EQ and IQ are weakly correlated in LLMs — high reasoning ability doesn't predict high emotional intelligence. Some of the most analytically capable models score mediocre on EQ, while some mid-tier reasoning models are surprisingly strong on social and emotional tasks.

Current Rankings

EQ Rankings

Emotional intelligence & social understanding

Top 25 · Live

#	Model	EQ	Confidence	IQ	Accuracy
1	external/openai/gpt-5-2025-08-07	97.8	15%	76.7	87.9
2	zai-org/GLM-4.5	93.3	8%	70.6	80.8
3	zai-org/GLM-4.6	93.3	45%	61.3	83.8
4	external/openai/gpt-4-1	91.8	8%	57.2	65.8
5	meta-llama/Meta-Llama-3-70B-Instruct	91.6	8%	91.9	—
6	deepseek-ai/DeepSeek-V2.5	91.4	8%	—	—
7	external/anthropic/claude-opus-4	91.2	8%	71.3	74.7
8	Qwen/Qwen2-72B-Instruct	90.7	8%	91.1	—
9	external/anthropic/claude-sonnet-4	90.4	8%	57.6	68.2
10	google/gemma-2-27b-it	89.8	8%	67.3	—
11	Qwen/QwQ-32B	89.1	8%	—	—
12	Qwen/Qwen2.5-32B-Instruct	89.1	8%	19.7	—
13	dphn/dolphin-2.2-70b	88.7	8%	—	—
14	external/google/gemini-3-pro-preview	88.7	51%	82.2	88.6
15	Qwen/Qwen2.5-14B-Instruct	88.3	8%	14.6	—
16	OpenLLM-Korea/solar-pro-preview-instruct	87.5	16%	—	—
17	external/openai/gpt-4o	86.6	29%	60.6	69.6
18	external/x-ai/grok-3	86.3	8%	76.5	—
19	microsoft/Phi-3.5-MoE-instruct	85.8	8%	—	—
20	external/xai-org/grok-4-1-fast-reasoning	85.5	45%	56.0	86.8
21	microsoft/Phi-3-medium-4k-instruct	85.1	8%	—	—
22	Qwen/Qwen3-8B	83.2	8%	—	—
23	Qwen/Qwen3-32B	82.8	8%	—	—
24	berkeley-nest/Starling-LM-7B-alpha	82.4	8%	—	—
25	meta-llama/Llama-2-70b-chat-hf	82.0	8%	—	—

What the Data Shows

A few patterns are consistently visible in the EQ rankings:

Instruction-tuned models trained on dialogue heavily outperform base models. This is expected — conversational fine-tuning exposes models to the texture of human emotion in a way that pure text pretraining doesn't. Models trained on diverse human feedback tend to develop better social calibration as a side effect.

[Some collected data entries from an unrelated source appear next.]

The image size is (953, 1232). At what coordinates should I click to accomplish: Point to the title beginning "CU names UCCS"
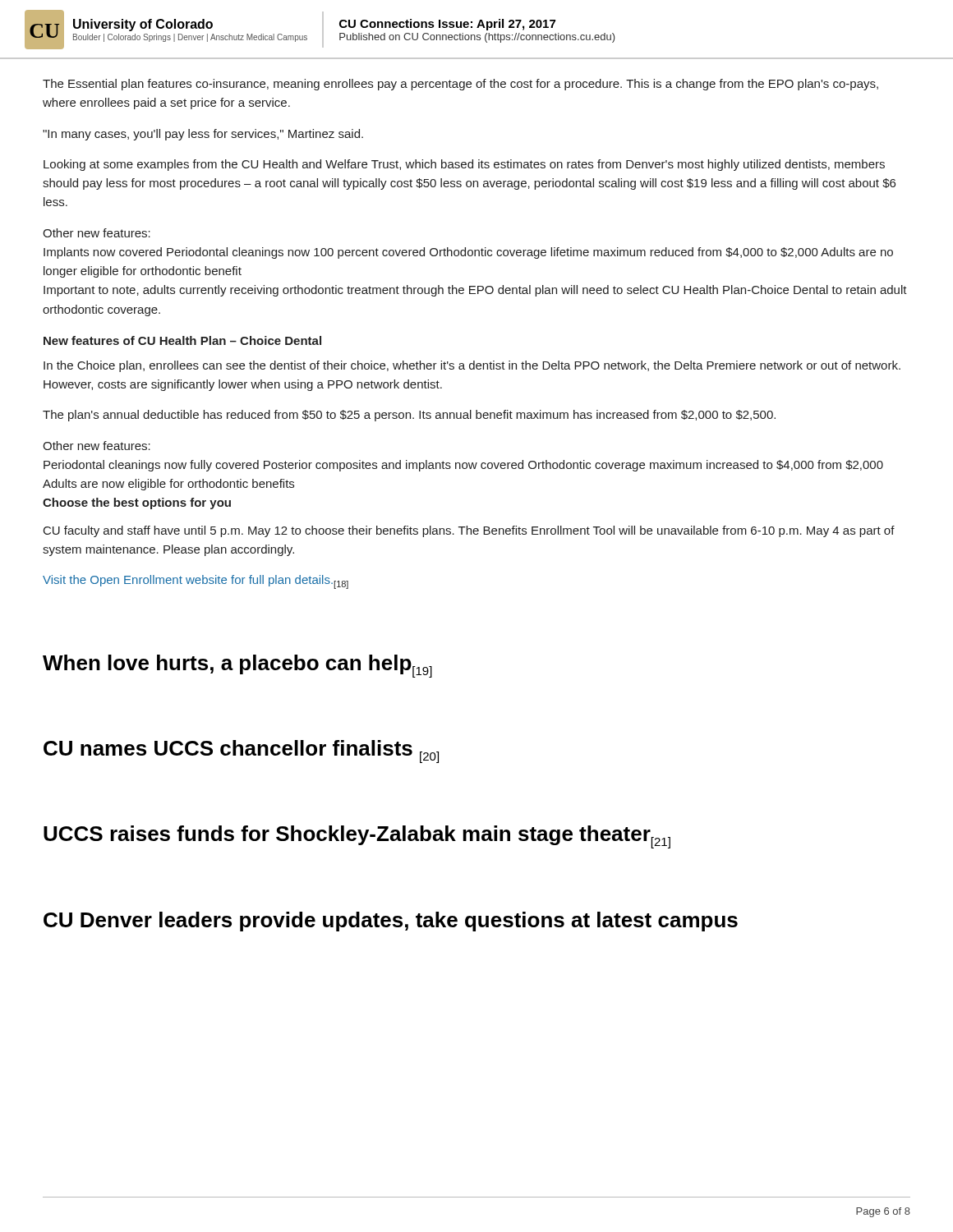click(x=241, y=750)
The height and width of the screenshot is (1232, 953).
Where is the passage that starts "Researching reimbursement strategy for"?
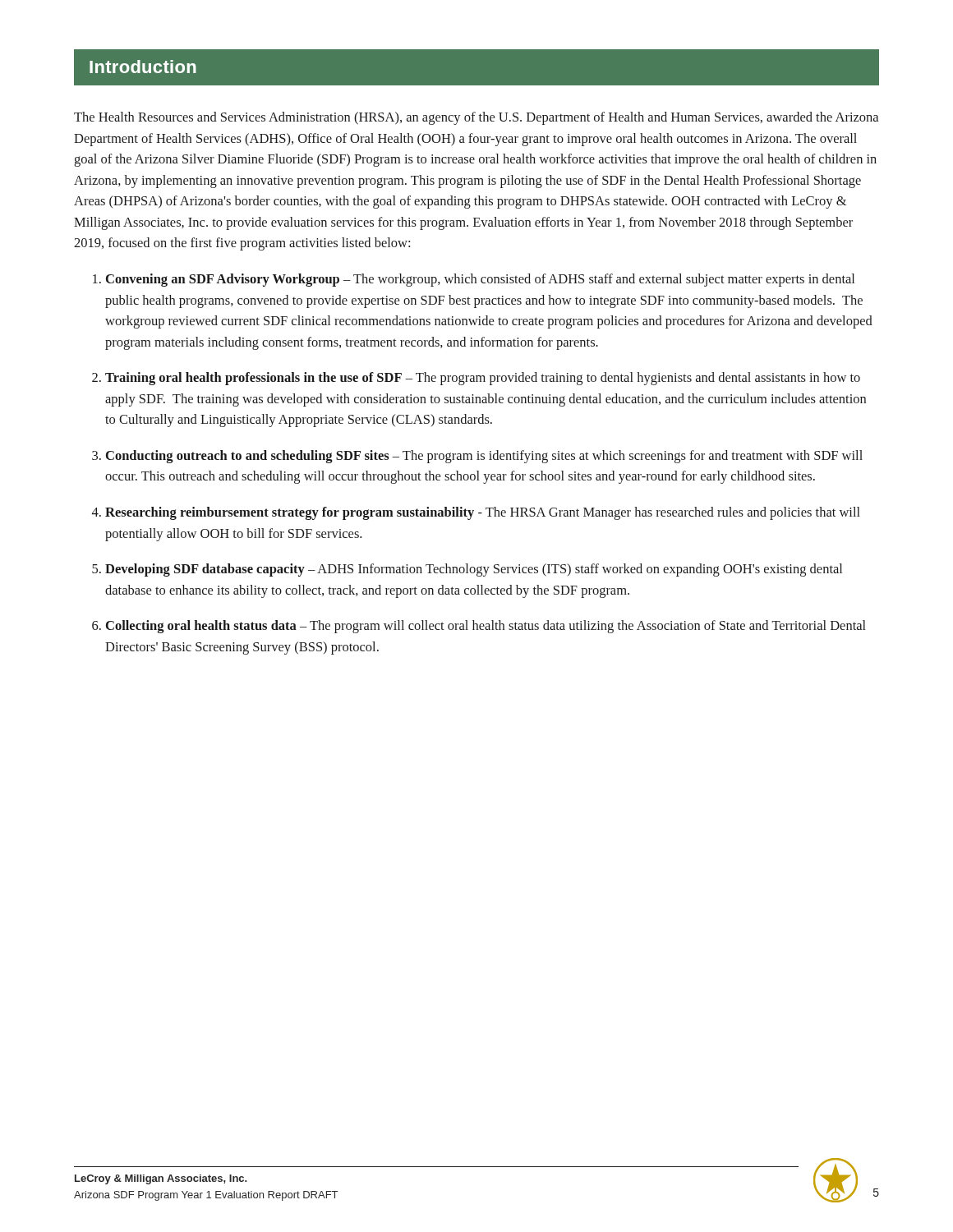[x=483, y=523]
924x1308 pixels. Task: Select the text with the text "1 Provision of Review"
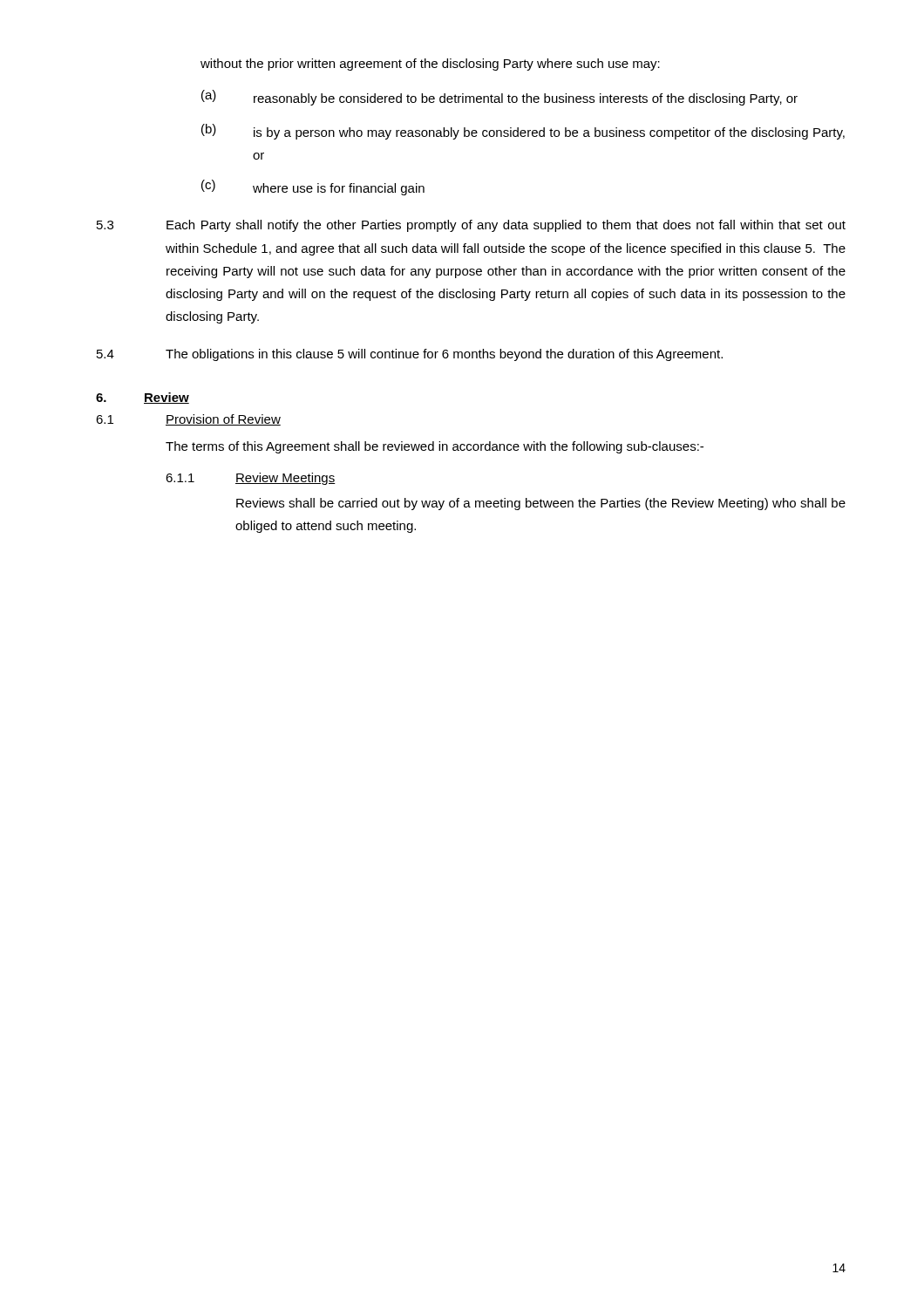click(x=188, y=419)
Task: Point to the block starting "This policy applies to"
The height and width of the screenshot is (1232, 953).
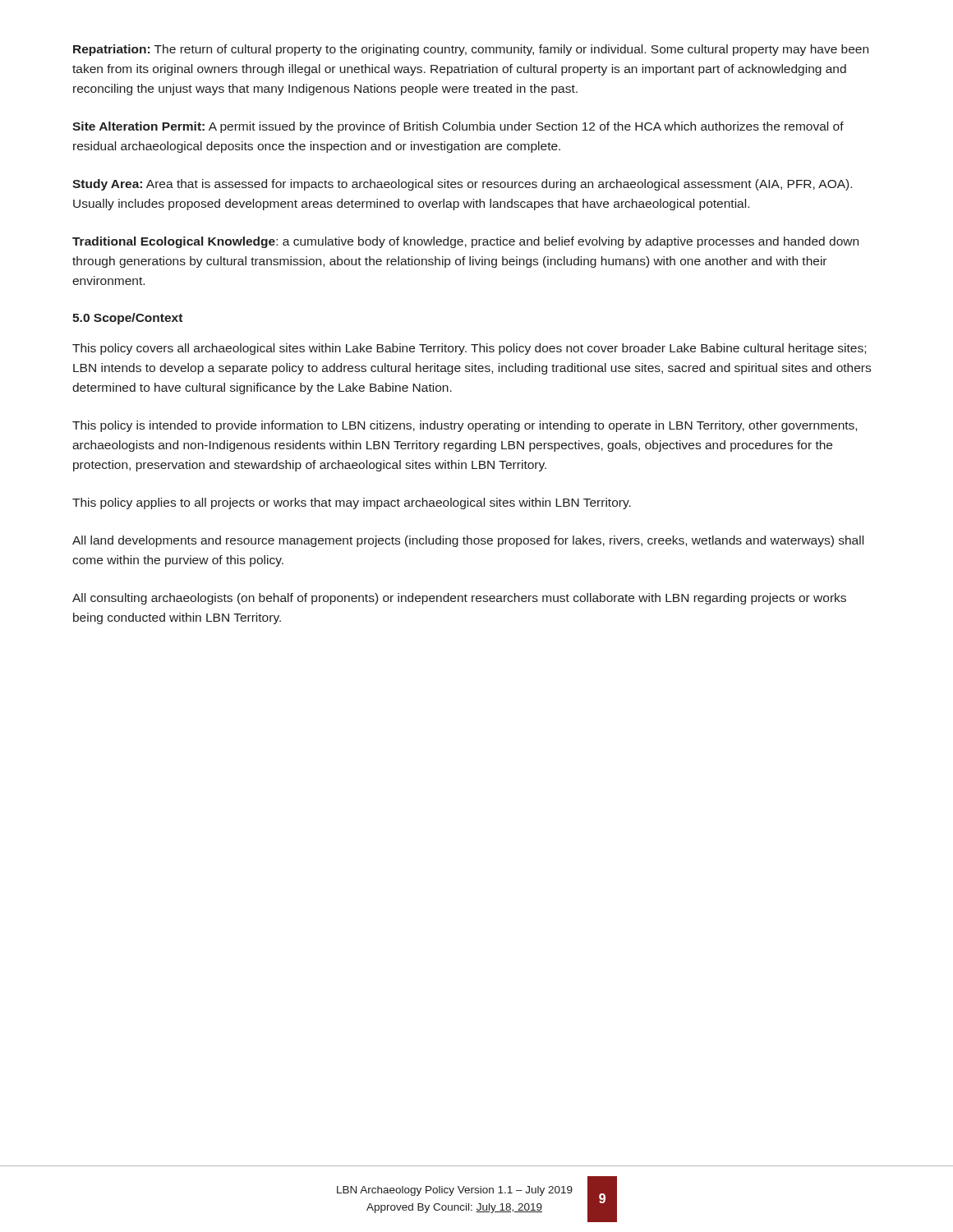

Scale helps, but not as much as training distribution. A 70B model trained on impoverished dialogue data will often score lower on EQ than a carefully fine-tuned 13B model. This is the dimension where "who trained it and on what" matters more than raw parameter count.

Over-safety fine-tuning hurts EQ. Models that have been heavily restricted to avoid sensitive topics often lose the ability to engage authentically with emotional content. Emotional intelligence requires the ability to engage with difficult feelings — models trained to deflect or refuse tend to score poorly because they can't meet users where they are.

When EQ Is the Right Signal to Optimize For

EQ should be your primary ranking signal when:

Customer-facing conversational AI — Support bots, assistants, and chatbots where the interaction quality matters as much as the answer quality. Users don't just want the right answer; they want to feel understood.
Mental health and wellness applications — Coaching tools, journaling assistants, and therapeutic support contexts where emotional attunement is the core product requirement.
Creative writing with human characters — Fiction, screenwriting, game dialogue, NPC writing. High-EQ models write characters who feel like people. Low-EQ models write characters who sound like plot functions.
HR and recruiting tools — Resume feedback, interview preparation, and sensitive communication tasks where tone and empathy matter.
Education and tutoring — A tutor that can read student frustration and adapt its approach will always outperform one that just delivers correct information.

EQ score does not predict factual accuracy or code quality. For technical tasks, optimize for IQ and Accuracy instead. Mixing up the signal you're optimizing for is the most common mistake in model selection.

Methodology & Confidence

EQ scores require a minimum of one evidence point per benchmark family and a 0.05 confidence threshold to appear in rankings. Models with sparse coverage are excluded — we don't extrapolate from single-benchmark results.

Confidence scores range from 0–100%. A model with 80%+ confidence has strong multi-source coverage; a model at 30% has limited but non-trivial evidence. When in doubt, weight higher-confidence entries more heavily in your selection process.

Full scoring methodology is documented at /methodology.